**Problem to work on:** Every record must be copied exactly, except that pictures are dropped.
——
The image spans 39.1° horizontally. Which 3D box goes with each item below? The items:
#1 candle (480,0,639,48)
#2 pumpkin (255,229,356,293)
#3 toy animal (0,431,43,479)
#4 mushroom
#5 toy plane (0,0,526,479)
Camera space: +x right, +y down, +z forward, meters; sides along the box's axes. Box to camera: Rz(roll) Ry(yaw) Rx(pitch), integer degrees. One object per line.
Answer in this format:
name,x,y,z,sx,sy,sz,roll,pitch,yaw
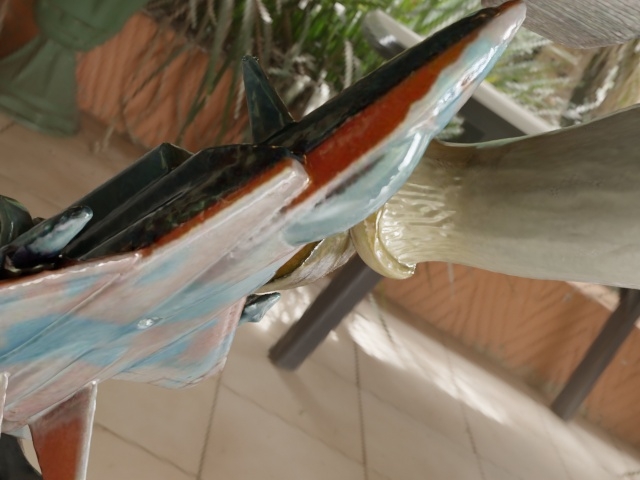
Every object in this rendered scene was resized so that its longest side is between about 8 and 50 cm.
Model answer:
——
**Solution for this exercise:**
The image spans 39.1° horizontally. Which 3D box goes with each item below? The items:
#1 candle (480,0,639,48)
#2 pumpkin (255,229,356,293)
#3 toy animal (0,431,43,479)
#4 mushroom
#5 toy plane (0,0,526,479)
Camera space: +x right, +y down, +z forward, meters; sides along the box's axes. Box to camera: Rz(roll) Ry(yaw) Rx(pitch), integer degrees. One object per line.
Answer in this format:
name,x,y,z,sx,sy,sz,roll,pitch,yaw
Every object in this rendered scene was resized so that its longest side is between about 8 and 50 cm.
Model answer:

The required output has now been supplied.